## Task description
Go through the data from its first line and retype each line, stopping once the line containing "2. Clearance check" has been retyped.

## Data to use
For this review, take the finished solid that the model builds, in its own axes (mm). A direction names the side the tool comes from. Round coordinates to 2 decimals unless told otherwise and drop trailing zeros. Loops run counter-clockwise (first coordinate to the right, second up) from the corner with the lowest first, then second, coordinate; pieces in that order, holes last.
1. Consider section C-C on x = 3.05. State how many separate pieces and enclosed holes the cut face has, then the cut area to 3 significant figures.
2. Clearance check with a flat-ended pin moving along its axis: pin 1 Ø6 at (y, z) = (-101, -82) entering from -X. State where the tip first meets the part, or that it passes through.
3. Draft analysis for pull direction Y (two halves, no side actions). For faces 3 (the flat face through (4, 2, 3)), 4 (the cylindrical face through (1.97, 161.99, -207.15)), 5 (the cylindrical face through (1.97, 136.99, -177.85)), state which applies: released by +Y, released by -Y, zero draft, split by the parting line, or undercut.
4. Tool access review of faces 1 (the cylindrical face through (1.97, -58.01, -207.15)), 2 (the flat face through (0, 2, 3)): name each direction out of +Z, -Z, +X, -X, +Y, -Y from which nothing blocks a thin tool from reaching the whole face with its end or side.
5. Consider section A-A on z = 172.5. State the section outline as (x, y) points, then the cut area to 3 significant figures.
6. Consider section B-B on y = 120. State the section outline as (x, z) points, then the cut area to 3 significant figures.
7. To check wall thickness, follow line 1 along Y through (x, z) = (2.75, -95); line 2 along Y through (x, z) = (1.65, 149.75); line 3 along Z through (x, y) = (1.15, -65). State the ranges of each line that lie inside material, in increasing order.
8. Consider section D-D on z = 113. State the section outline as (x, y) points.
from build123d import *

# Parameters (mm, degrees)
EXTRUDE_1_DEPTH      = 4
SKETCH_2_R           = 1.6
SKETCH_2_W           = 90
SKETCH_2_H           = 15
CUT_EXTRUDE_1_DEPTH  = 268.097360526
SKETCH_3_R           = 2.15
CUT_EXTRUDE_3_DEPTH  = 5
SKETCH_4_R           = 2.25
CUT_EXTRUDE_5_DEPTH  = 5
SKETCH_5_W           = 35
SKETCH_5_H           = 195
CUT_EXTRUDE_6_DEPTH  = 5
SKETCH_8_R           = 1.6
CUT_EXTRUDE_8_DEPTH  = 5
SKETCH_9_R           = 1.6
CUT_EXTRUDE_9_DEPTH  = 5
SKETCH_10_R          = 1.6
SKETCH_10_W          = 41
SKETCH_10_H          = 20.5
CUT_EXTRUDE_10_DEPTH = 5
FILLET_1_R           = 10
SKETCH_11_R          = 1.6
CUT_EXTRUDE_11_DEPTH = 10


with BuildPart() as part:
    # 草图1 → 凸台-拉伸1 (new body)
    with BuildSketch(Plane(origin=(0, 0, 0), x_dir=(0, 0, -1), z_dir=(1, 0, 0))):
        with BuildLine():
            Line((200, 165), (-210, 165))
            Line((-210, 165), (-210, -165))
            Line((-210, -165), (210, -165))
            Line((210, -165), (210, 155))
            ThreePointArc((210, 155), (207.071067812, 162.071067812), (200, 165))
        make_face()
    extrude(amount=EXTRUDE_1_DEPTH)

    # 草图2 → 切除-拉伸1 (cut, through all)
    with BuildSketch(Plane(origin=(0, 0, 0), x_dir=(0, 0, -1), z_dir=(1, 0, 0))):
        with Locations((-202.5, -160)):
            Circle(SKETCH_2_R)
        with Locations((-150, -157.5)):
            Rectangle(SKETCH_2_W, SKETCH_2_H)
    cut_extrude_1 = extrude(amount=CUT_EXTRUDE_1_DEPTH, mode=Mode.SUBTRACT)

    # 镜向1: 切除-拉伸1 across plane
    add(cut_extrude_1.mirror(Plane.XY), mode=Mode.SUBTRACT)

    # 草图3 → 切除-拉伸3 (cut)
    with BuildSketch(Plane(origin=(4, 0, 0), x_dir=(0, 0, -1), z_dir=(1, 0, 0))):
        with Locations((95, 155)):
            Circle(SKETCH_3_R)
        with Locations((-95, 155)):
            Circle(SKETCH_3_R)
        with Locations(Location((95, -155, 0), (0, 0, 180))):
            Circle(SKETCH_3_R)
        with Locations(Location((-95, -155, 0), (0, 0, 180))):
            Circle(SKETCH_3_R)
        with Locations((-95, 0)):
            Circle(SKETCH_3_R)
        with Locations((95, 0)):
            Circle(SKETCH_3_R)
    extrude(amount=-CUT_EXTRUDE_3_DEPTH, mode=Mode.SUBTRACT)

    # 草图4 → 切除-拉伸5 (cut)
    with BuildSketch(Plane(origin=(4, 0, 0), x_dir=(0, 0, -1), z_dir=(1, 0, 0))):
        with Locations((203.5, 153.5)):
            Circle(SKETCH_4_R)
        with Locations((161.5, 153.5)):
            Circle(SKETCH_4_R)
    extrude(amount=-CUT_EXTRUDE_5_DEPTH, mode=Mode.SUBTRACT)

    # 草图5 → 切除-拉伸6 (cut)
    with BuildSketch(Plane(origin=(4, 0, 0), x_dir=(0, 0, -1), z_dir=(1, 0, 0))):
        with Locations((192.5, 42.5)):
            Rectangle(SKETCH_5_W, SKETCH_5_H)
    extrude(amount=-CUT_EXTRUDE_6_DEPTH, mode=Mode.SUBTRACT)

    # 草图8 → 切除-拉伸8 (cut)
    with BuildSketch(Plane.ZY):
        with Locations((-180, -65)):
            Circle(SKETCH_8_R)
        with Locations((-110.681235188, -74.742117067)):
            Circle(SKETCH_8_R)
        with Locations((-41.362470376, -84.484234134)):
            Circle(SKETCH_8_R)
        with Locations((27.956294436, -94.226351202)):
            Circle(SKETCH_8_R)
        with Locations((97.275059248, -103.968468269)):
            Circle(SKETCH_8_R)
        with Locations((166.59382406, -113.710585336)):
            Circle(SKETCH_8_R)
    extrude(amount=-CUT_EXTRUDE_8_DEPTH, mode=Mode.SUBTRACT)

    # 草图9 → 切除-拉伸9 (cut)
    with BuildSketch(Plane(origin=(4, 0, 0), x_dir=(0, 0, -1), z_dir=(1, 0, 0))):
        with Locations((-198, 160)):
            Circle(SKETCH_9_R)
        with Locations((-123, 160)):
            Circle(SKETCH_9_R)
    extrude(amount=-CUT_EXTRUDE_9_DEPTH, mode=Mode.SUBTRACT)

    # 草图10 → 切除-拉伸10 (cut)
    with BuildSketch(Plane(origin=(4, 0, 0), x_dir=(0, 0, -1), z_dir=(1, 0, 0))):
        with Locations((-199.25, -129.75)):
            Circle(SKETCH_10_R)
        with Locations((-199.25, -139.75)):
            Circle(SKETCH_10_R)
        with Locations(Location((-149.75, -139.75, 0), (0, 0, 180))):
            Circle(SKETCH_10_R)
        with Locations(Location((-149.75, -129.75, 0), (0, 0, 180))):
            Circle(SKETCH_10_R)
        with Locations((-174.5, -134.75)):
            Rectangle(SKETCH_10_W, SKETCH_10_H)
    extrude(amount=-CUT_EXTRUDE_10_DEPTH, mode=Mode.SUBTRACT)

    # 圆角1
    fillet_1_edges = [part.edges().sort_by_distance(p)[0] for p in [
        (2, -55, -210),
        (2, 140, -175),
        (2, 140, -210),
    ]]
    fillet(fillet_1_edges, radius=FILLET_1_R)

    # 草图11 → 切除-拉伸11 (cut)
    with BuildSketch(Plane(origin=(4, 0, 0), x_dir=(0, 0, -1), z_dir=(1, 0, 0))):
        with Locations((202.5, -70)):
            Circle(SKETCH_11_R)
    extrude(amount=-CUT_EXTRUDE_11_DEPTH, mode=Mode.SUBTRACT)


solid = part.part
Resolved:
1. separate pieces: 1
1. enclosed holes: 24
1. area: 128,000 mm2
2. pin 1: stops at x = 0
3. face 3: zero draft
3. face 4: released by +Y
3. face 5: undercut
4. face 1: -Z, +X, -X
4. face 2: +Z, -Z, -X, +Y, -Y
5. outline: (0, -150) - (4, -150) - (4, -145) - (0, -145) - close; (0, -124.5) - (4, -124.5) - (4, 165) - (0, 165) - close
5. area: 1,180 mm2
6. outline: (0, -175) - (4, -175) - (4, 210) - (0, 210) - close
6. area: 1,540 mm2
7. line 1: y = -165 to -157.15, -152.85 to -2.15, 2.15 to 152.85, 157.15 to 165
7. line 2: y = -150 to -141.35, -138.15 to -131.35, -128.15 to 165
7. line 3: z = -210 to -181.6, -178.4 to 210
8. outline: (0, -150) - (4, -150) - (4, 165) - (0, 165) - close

## Answer section
For this review, take the finished solid that the model builds, in its own axes (mm). A direction names the side the tool comes from. Round coordinates to 2 decimals unless told otherwise and drop trailing zeros. Loops run counter-clockwise (first coordinate to the right, second up) from the corner with the lowest first, then second, coordinate; pieces in that order, holes last.
1. Consider section C-C on x = 3.05. State how many separate pieces and enclosed holes the cut face has, then the cut area to 3 significant figures.
2. Clearance check with a flat-ended pin moving along its axis: pin 1 Ø6 at (y, z) = (-101, -82) entering from -X. State where the tip first meets the part, or that it passes through.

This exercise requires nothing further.